あえてジャズっぽく歌わないところが クロスオーバーで素敵です。
夢人 (「ザレビュー」より)
「自分の頭には 安奈淳さんの歌声が残っている。」
ぶっ続けで
アマール.アマール (「ノバ・ボサ・ノバ」より)
途中で男性の“イーチャーン”の声援あり。
ノリの良い歌を歌い終わり 寿さん ぜーはーぜーはー息切らせながらも
「自然に開脚してしまう 見苦しくてすみません(笑)」 と。
そしてとうとう最終曲
彷徨(さすらい)のレクイエム
客席の 相手役オリガを演じた鳩笛真希さんが紹介されました。
この楽曲になると 当然のことながら 客席からすすり泣きが・・・
簡素で覚えやすく心に残る宝塚の名曲です。
寿さんも トークでは涙で声を詰まらせておられました(歌唱はスイッチが変わり完ぺき)。
「客席に懐かしい顔ぶれが沢山いる。
帰ってきてよかった。
この楽曲は本来 レ,ク,イ,エ,ムを一音ずつ歌うよう寺田瀧雄先生に指示されていたが レコーティングで ♪れくーいえーむ♪と勝手に変えた。」
「最近発売された100周年記念CDが送られてきた。
“春日野八千代先生の歌も入っているのだ~と聴いていると 「彷徨のレクイエム」一番のみ自分の歌唱を入れてもらっていた。 自分はトップでもないのに 100年を代表する楽曲として自分の声が入っていて このことを知らなかったので本当にうれしかった。」
寿さん嗚咽 客席もすすり泣きマックス。
「これからも頑張ります。」
拍手当然鳴りやまずアンコール
終わりなき旅 美空ひばり
「必ずこの曲で〆るようにしている。
子供のころから美空ひばりさんが大好きで 一生大切に 声が出る限り歌い続けたい。」
寿さんのオリジナル曲かと思うほど素晴らしい絶唱で 割れんばかりの拍手。
最期のアンコール
のっしのっしと舞台の壇上に上がられ
「歌い終わったら 60歳になっちゃう」
「幸せになります と言って退団した私が 今本当の幸せはここにある(←だったかな?) これからもよろしくお願いします」
終演
終演後 目真っ赤に充血している人の多いこと・・・
わたくしは歌舞伎と芸能ニュースには疎いのでよくわからない部分が多かったのですが 少なくとも寿ひずるさんの歌唱は 「宝塚の古参ファンありき」などではなく ばりばり現役歌手でした。

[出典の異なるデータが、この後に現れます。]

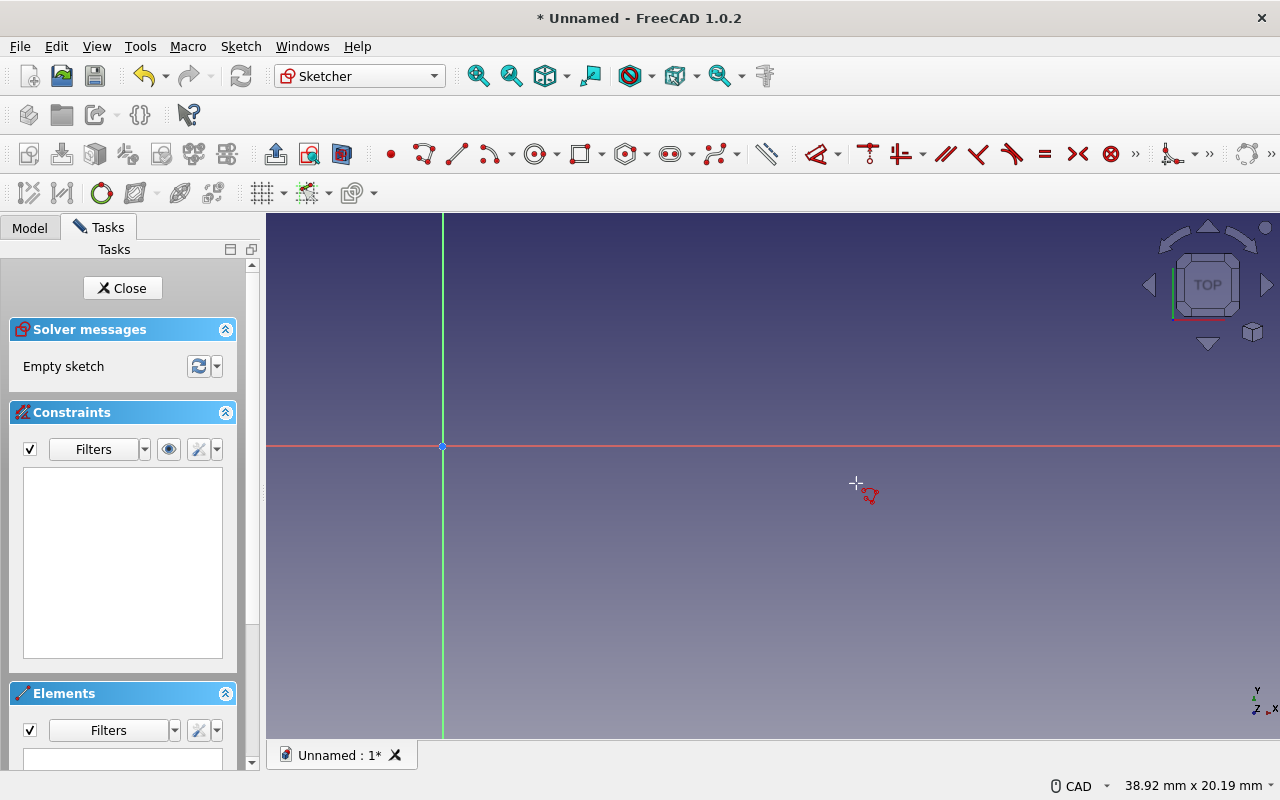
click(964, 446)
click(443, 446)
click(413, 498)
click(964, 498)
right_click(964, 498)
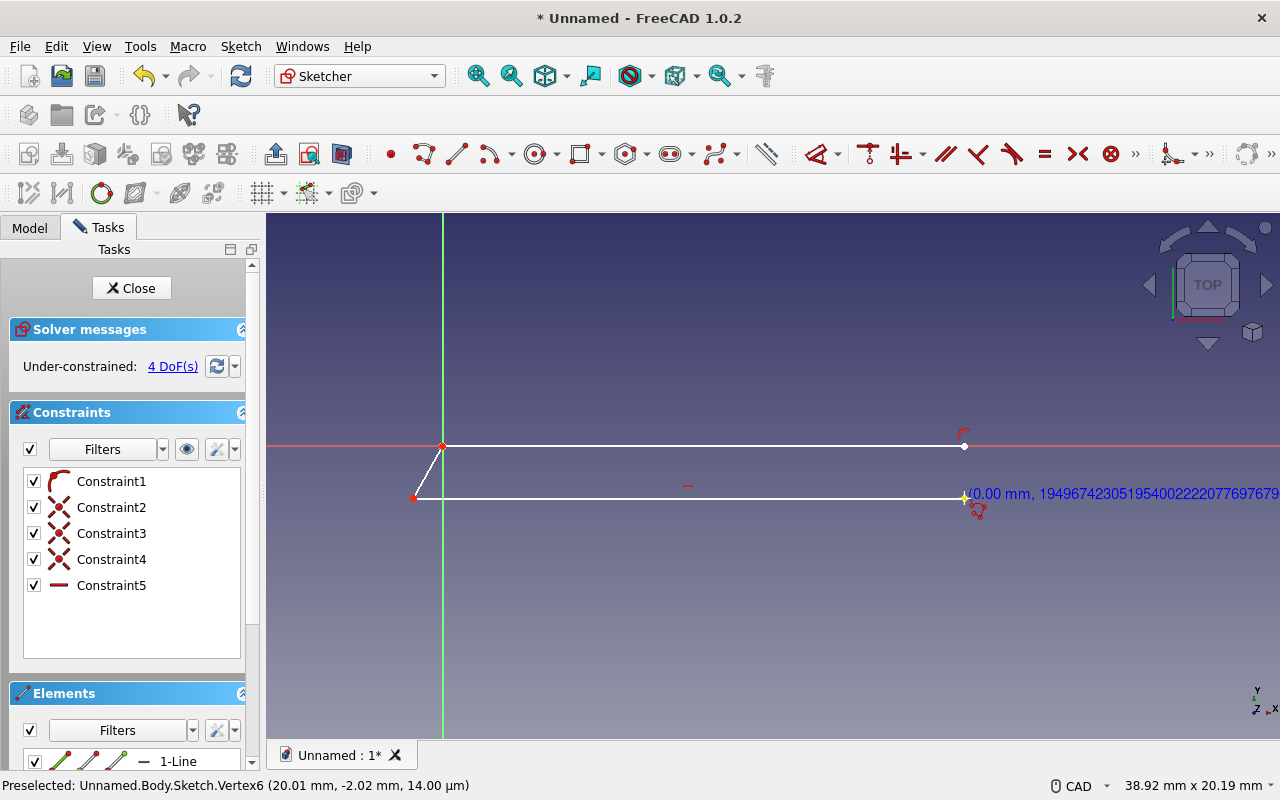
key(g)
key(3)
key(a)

そして 地声の絶唱は 宝塚時代と遜色ない実直な力強さがあり、 (蘭寿とむさんもそうですが) アイウエオどの音も絶唱しても歯の露出しない気品がある点も全くお変わりなかったです。
トークで ちらちらと披露された 波乱万丈らしい退団後のエピソードは “切り売り”というより 懐かしいファンの方との“共有”という感じ。

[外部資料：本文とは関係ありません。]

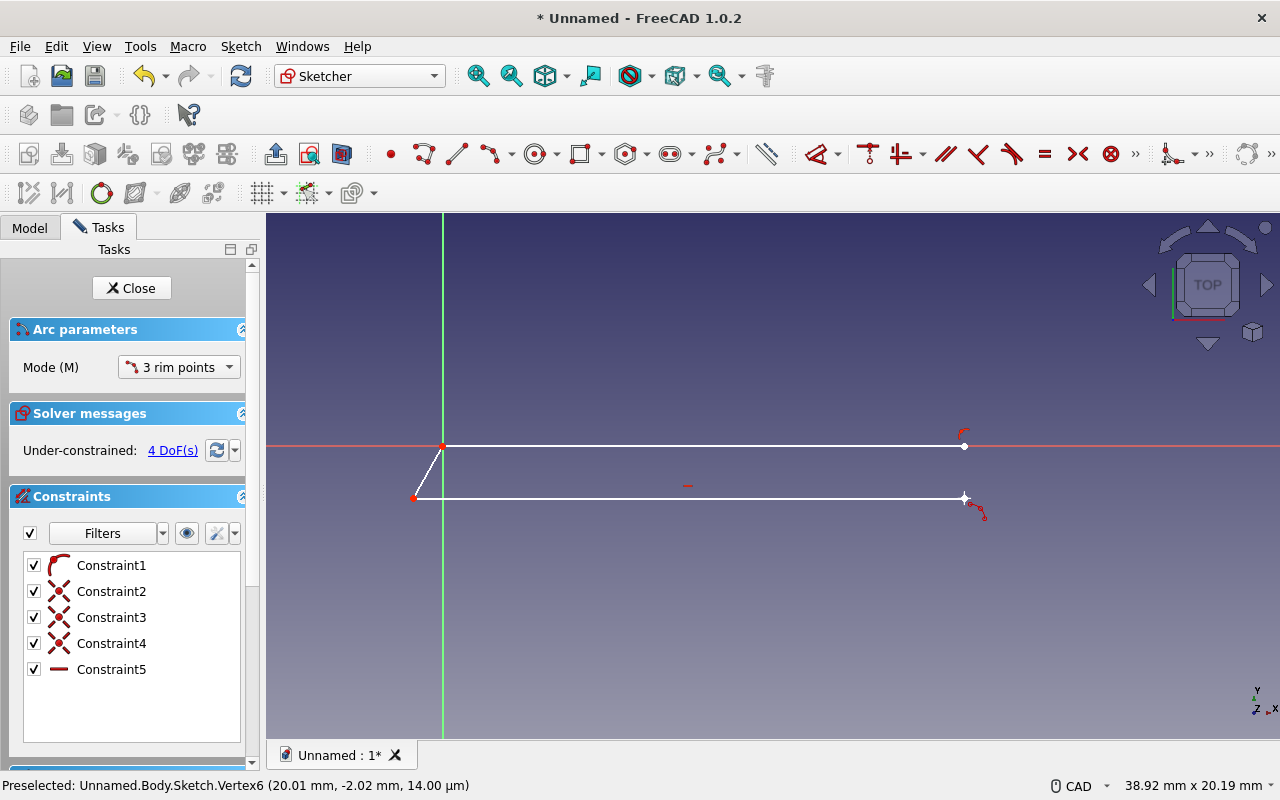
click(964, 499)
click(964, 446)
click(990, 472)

なんだかプライベートな小規模で暖かい会場ですが 小会場ではもったいない歌唱を聴かせていただきました。
これからも どこかの舞台で ミュージカル女優寿ひずるさん にお会いできるのが とってもとっても楽しみです。
寿さんのトークに「 」を入れたり入れなかったり一貫性がなく申し訳ありません。
寿さんが語られた言葉そのものではなく 何書いてあるかわからんわたくしのメモの掘り起しにて 間違いもあるかもしれません。
とりあえずアップしますが 誤字脱字 後程訂正いたします。